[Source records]
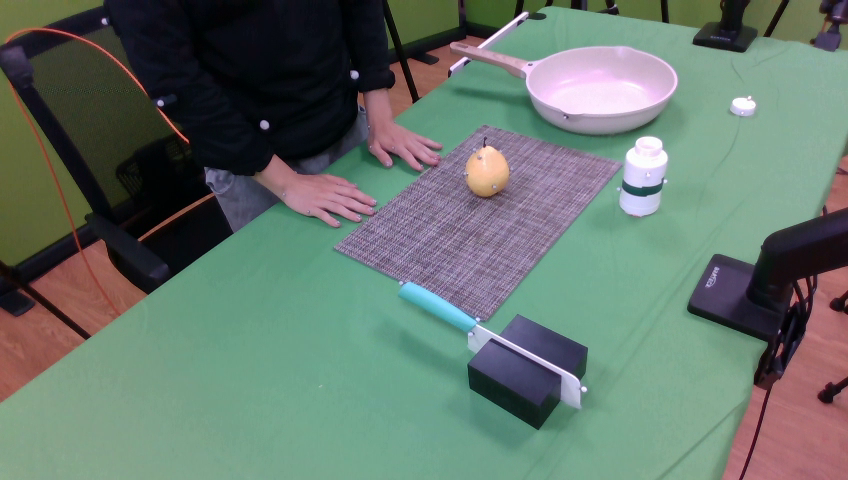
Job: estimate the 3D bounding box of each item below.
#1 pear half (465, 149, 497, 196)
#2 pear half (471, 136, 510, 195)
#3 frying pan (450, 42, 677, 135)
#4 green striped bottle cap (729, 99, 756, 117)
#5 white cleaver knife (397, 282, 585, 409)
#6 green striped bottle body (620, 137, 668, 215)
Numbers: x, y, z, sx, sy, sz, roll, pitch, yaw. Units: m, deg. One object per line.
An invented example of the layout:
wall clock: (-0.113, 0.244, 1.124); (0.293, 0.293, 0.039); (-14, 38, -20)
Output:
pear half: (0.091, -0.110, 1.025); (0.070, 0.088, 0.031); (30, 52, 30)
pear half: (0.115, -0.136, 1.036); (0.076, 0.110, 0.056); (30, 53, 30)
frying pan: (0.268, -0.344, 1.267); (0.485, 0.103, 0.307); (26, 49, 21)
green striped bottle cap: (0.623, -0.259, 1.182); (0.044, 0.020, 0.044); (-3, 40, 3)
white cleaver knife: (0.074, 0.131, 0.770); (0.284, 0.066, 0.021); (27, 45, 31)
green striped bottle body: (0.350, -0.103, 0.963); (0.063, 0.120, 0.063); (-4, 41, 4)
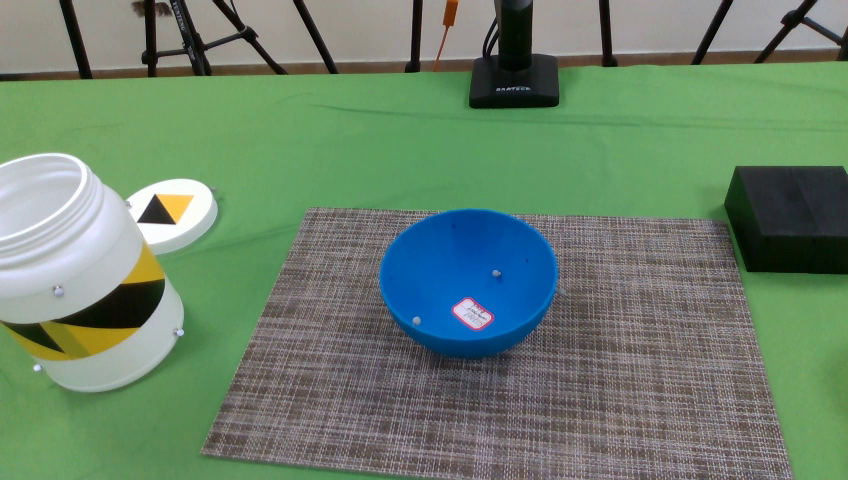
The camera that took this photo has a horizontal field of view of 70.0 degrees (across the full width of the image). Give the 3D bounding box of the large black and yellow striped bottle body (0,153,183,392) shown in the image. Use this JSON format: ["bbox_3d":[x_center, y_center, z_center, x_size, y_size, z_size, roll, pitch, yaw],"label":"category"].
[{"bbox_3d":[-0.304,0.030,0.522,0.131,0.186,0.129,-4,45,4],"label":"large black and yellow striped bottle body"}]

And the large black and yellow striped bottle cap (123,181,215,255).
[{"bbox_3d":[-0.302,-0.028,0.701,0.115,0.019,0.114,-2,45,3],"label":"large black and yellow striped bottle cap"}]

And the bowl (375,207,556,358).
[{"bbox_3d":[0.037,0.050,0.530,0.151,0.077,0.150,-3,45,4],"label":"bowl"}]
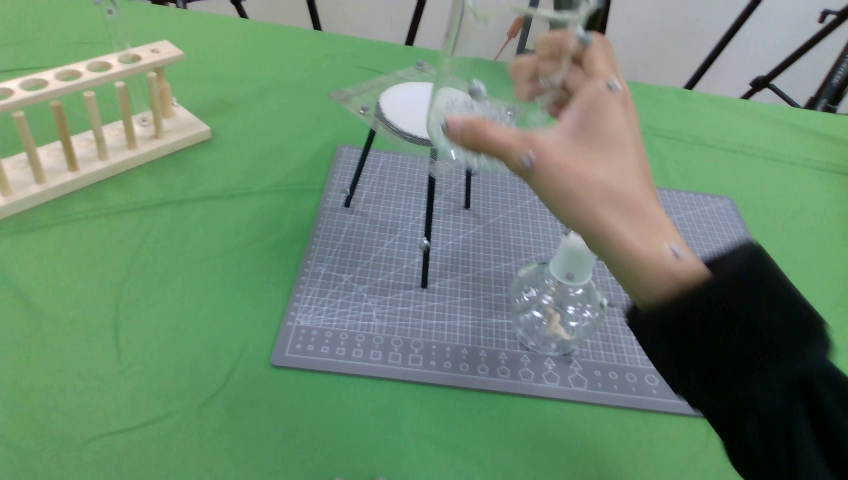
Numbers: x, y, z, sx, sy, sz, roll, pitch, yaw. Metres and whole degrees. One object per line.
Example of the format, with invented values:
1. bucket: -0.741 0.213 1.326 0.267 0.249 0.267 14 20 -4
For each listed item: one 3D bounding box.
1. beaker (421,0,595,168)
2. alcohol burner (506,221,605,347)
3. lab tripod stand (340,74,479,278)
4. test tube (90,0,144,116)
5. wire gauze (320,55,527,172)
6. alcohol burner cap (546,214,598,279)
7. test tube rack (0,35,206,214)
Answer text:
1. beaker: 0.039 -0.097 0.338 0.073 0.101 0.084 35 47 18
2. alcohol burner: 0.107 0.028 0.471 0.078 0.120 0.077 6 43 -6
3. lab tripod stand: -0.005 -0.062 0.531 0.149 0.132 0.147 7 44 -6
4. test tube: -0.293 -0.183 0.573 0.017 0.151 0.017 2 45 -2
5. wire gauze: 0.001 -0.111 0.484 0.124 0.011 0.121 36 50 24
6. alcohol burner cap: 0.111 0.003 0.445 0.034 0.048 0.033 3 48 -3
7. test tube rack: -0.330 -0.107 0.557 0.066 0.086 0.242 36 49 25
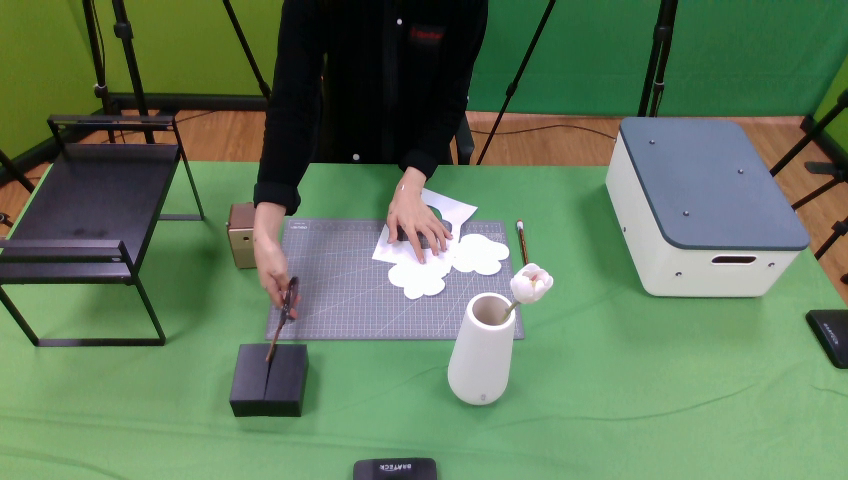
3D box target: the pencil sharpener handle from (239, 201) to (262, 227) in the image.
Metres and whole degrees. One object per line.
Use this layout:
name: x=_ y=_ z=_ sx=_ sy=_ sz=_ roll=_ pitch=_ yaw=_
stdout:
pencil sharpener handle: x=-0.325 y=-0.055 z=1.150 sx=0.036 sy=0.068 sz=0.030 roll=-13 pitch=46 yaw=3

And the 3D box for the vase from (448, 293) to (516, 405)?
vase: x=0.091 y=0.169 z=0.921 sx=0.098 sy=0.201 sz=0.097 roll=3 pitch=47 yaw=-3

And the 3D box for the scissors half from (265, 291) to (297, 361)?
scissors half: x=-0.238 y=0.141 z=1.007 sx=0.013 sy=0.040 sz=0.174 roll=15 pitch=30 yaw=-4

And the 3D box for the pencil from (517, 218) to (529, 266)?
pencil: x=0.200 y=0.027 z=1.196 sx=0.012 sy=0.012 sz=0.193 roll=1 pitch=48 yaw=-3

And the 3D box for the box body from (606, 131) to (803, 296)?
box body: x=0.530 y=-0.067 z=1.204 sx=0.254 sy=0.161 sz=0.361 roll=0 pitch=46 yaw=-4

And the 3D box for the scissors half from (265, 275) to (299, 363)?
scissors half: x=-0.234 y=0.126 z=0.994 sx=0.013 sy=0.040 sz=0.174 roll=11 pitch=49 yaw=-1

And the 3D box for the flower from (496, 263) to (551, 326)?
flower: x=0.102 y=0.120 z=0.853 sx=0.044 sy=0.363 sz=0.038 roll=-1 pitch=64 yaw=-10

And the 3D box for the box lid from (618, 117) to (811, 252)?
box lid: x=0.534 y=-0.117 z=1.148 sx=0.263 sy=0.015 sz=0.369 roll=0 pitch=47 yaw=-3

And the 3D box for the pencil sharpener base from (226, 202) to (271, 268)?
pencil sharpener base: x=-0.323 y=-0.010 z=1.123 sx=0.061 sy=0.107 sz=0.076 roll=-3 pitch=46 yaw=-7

...

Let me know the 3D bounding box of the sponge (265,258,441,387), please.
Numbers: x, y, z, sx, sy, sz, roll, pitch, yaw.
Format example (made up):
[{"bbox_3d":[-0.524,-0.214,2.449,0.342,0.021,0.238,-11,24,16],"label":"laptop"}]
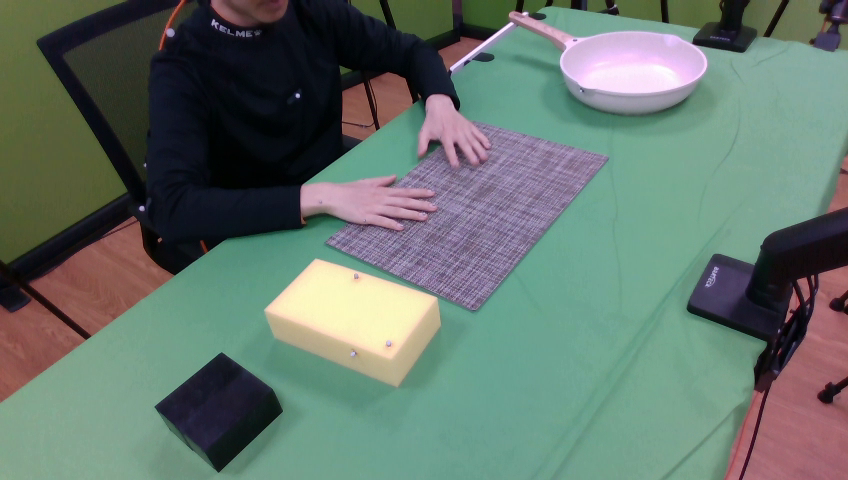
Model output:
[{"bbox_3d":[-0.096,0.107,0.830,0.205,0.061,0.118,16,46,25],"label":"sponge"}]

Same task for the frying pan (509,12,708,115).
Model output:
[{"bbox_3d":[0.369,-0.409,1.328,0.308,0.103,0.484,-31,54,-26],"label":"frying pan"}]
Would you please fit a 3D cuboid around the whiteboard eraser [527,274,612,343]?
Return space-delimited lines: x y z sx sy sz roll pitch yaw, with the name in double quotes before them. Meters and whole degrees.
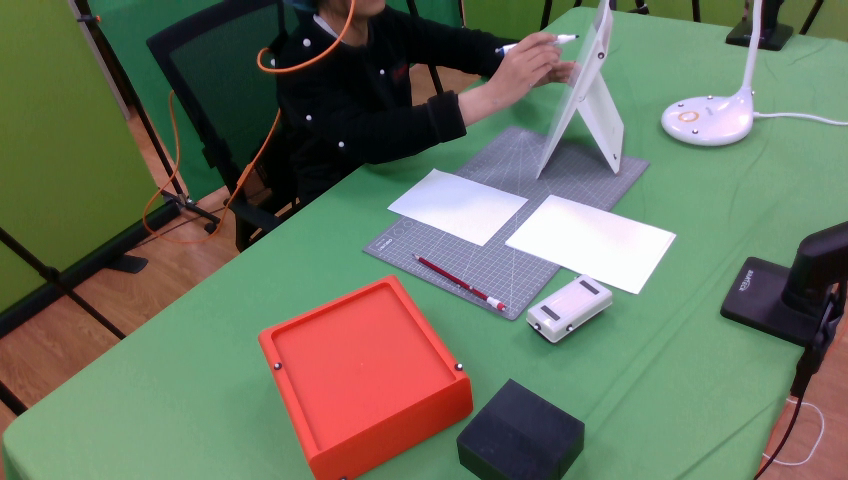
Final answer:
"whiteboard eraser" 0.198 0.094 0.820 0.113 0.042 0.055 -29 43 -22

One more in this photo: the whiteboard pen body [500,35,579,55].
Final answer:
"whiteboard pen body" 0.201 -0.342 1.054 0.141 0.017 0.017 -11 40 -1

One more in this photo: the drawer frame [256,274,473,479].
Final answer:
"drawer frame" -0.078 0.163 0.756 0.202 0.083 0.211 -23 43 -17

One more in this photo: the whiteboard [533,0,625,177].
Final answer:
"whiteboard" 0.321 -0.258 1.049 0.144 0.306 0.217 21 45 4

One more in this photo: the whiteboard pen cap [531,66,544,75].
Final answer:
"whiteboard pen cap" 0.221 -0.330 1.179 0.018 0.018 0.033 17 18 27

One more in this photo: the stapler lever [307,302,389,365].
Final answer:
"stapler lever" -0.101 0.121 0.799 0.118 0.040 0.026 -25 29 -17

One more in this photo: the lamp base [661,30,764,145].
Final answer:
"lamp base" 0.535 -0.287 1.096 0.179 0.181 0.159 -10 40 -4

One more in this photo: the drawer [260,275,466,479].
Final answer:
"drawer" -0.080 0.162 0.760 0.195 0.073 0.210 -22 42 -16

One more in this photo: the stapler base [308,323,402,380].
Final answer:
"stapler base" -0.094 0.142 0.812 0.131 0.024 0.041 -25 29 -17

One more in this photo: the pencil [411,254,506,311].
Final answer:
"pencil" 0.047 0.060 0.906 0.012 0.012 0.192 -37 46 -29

---

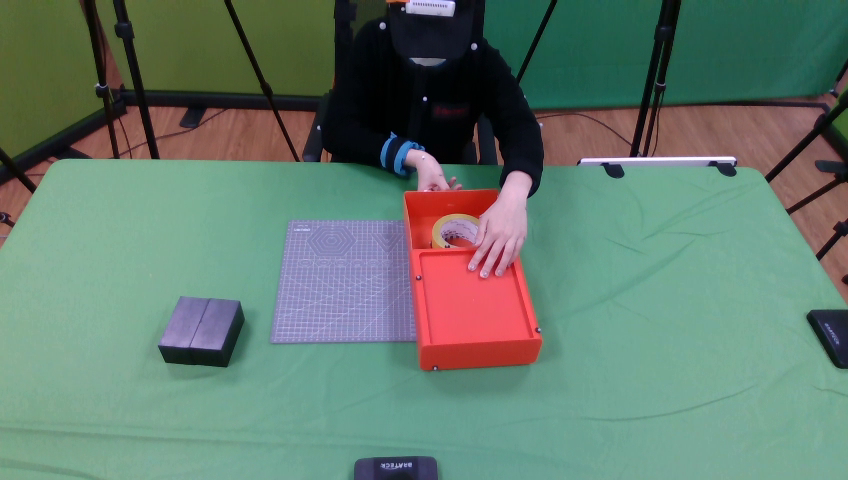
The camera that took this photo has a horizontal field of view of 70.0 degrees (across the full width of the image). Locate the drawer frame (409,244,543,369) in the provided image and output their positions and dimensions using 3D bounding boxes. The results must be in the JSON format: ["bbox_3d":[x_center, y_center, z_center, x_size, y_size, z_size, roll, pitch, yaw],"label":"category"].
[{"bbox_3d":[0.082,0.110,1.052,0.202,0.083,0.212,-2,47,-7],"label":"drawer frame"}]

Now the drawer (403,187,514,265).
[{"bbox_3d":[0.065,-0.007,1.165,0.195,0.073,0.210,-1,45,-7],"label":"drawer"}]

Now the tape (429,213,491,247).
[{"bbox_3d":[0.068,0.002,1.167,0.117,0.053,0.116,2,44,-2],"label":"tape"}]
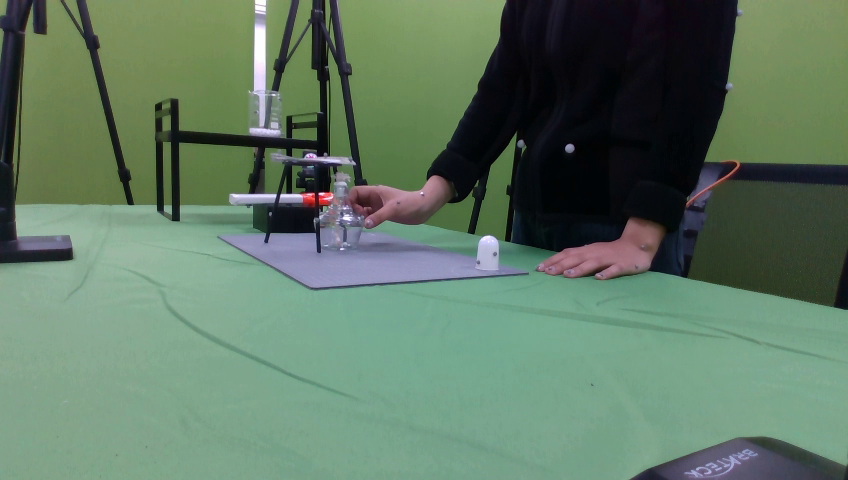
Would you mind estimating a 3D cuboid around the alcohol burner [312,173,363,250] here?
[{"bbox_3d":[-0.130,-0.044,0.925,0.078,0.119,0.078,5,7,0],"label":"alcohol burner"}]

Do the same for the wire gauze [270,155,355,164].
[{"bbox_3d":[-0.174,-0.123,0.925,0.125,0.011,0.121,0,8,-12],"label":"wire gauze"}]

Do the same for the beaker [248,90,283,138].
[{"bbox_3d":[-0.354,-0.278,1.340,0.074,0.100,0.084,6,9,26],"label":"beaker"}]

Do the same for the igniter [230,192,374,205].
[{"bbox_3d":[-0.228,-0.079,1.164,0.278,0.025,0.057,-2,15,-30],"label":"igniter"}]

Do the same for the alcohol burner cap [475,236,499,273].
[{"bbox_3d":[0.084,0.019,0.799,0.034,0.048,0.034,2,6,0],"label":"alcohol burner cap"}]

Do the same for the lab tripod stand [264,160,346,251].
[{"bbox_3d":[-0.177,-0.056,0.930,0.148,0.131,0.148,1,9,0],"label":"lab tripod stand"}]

* _EXERCISE DIRECTIONS_
Return the span of lines in the data above that opens at the line with "Job: estimate the" and closes at the line with "#6 green striped", exactly, ends included, nothing else.

* _COMPLETED TASK_
Job: estimate the 3D bounding box of each item below.
#1 pear half (465, 149, 497, 196)
#2 pear half (471, 136, 510, 195)
#3 frying pan (450, 42, 677, 135)
#4 green striped bottle cap (729, 99, 756, 117)
#5 white cleaver knife (397, 282, 585, 409)
#6 green striped bottle body (620, 137, 668, 215)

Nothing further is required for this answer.